• [Aim of the task]
Set the listing down again in full, word for word, with the pictures left out.
** Opening Information provided block **
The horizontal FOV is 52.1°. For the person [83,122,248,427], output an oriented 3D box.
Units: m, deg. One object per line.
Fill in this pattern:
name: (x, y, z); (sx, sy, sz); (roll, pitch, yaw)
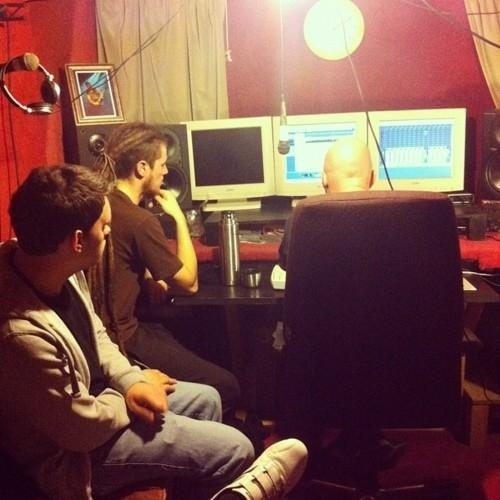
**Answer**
person: (-0.327, 0.188, 2.136); (0.612, 1.325, 0.505); (-2, 13, -16)

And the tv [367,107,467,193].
tv: (0.887, -0.534, 2.709); (0.522, 0.500, 0.300); (0, 14, 8)

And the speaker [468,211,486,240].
speaker: (1.066, -0.111, 2.404); (0.075, 0.124, 0.053); (2, 4, 20)
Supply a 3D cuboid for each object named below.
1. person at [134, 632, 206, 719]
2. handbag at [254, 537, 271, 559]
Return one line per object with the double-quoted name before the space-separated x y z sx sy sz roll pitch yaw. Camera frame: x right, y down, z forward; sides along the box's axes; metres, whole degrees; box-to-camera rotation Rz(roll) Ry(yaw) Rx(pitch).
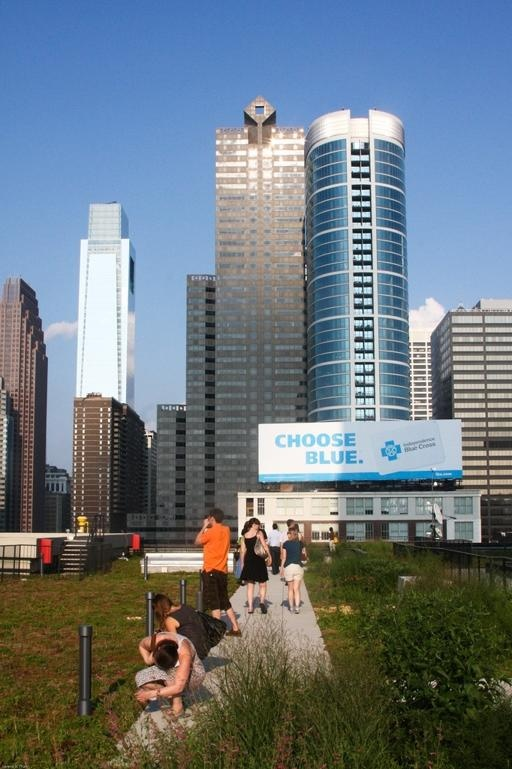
"person" -0.860 2.846 7.446 0.552 0.889 0.804 0 15 5
"handbag" 0.131 3.199 14.712 0.241 0.425 0.486 -6 -7 32
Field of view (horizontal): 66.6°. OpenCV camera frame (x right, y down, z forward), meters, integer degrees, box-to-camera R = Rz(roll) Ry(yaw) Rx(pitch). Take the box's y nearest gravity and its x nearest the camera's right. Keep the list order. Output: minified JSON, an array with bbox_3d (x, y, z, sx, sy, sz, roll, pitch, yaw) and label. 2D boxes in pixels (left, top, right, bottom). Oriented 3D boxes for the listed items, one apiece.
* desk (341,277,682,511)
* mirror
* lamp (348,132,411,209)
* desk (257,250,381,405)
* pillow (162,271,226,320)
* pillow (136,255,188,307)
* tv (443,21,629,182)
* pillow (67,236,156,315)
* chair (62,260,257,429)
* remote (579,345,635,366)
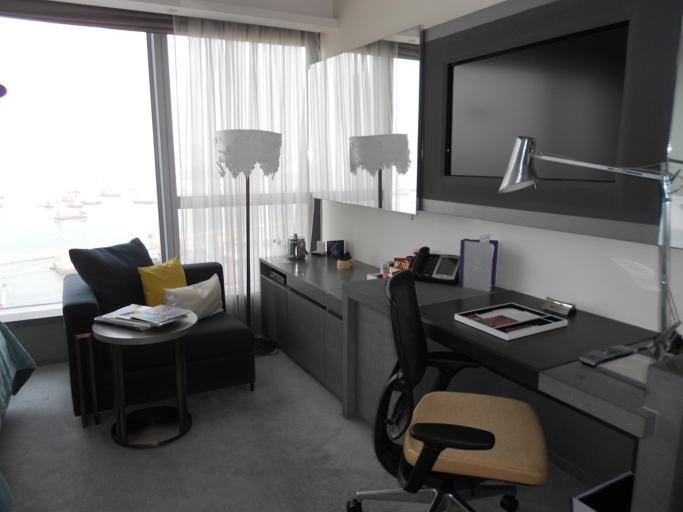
[{"bbox_3d":[0.713,0.753,2.643,1.279,1.301,1.146,0,12,1],"label":"desk"},{"bbox_3d":[0.187,-1.037,3.891,0.021,1.143,1.540,-4,11,-28],"label":"mirror"},{"bbox_3d":[0.291,-0.622,3.875,0.485,0.655,0.527,0,9,6],"label":"lamp"},{"bbox_3d":[-0.159,0.439,4.303,0.636,0.672,1.381,-1,12,-30],"label":"desk"},{"bbox_3d":[-1.078,0.329,3.911,0.442,0.277,0.142,-15,19,-42],"label":"pillow"},{"bbox_3d":[-1.312,0.204,3.929,0.356,0.346,0.133,-16,-5,-42],"label":"pillow"},{"bbox_3d":[1.034,-0.812,2.689,0.026,0.660,1.016,-6,10,-30],"label":"tv"},{"bbox_3d":[-1.623,0.192,3.905,0.341,0.597,0.680,-5,9,22],"label":"pillow"},{"bbox_3d":[-1.328,0.577,3.853,1.307,0.872,1.052,-8,13,-39],"label":"chair"},{"bbox_3d":[1.128,0.385,2.220,0.225,0.046,0.097,-11,16,-26],"label":"remote"}]
** Closing Information provided block **
• [Solution for this exercise]
The horizontal FOV is 52.1°. For the person [83,122,248,427], output an oriented 3D box.
Units: m, deg. One object per line.
Fill in this pattern:
name: (x, y, z); (sx, sy, sz); (roll, pitch, yaw)
**Answer**
person: (-0.327, 0.188, 2.136); (0.612, 1.325, 0.505); (-2, 13, -16)

And the tv [367,107,467,193].
tv: (0.887, -0.534, 2.709); (0.522, 0.500, 0.300); (0, 14, 8)

And the speaker [468,211,486,240].
speaker: (1.066, -0.111, 2.404); (0.075, 0.124, 0.053); (2, 4, 20)
Supply a 3D cuboid for each object named below.
1. person at [134, 632, 206, 719]
2. handbag at [254, 537, 271, 559]
Return one line per object with the double-quoted name before the space-separated x y z sx sy sz roll pitch yaw. Camera frame: x right, y down, z forward; sides along the box's axes; metres, whole degrees; box-to-camera rotation Rz(roll) Ry(yaw) Rx(pitch).
"person" -0.860 2.846 7.446 0.552 0.889 0.804 0 15 5
"handbag" 0.131 3.199 14.712 0.241 0.425 0.486 -6 -7 32
Field of view (horizontal): 66.6°. OpenCV camera frame (x right, y down, z forward), meters, integer degrees, box-to-camera R = Rz(roll) Ry(yaw) Rx(pitch). Take the box's y nearest gravity and its x nearest the camera's right. Keep the list order. Output: minified JSON, an array with bbox_3d (x, y, z, sx, sy, sz, roll, pitch, yaw) and label. 2D boxes in pixels (left, top, right, bottom). Oriented 3D boxes for the listed items, one apiece.
* desk (341,277,682,511)
* mirror
* lamp (348,132,411,209)
* desk (257,250,381,405)
* pillow (162,271,226,320)
* pillow (136,255,188,307)
* tv (443,21,629,182)
* pillow (67,236,156,315)
* chair (62,260,257,429)
* remote (579,345,635,366)
[{"bbox_3d":[0.713,0.753,2.643,1.279,1.301,1.146,0,12,1],"label":"desk"},{"bbox_3d":[0.187,-1.037,3.891,0.021,1.143,1.540,-4,11,-28],"label":"mirror"},{"bbox_3d":[0.291,-0.622,3.875,0.485,0.655,0.527,0,9,6],"label":"lamp"},{"bbox_3d":[-0.159,0.439,4.303,0.636,0.672,1.381,-1,12,-30],"label":"desk"},{"bbox_3d":[-1.078,0.329,3.911,0.442,0.277,0.142,-15,19,-42],"label":"pillow"},{"bbox_3d":[-1.312,0.204,3.929,0.356,0.346,0.133,-16,-5,-42],"label":"pillow"},{"bbox_3d":[1.034,-0.812,2.689,0.026,0.660,1.016,-6,10,-30],"label":"tv"},{"bbox_3d":[-1.623,0.192,3.905,0.341,0.597,0.680,-5,9,22],"label":"pillow"},{"bbox_3d":[-1.328,0.577,3.853,1.307,0.872,1.052,-8,13,-39],"label":"chair"},{"bbox_3d":[1.128,0.385,2.220,0.225,0.046,0.097,-11,16,-26],"label":"remote"}]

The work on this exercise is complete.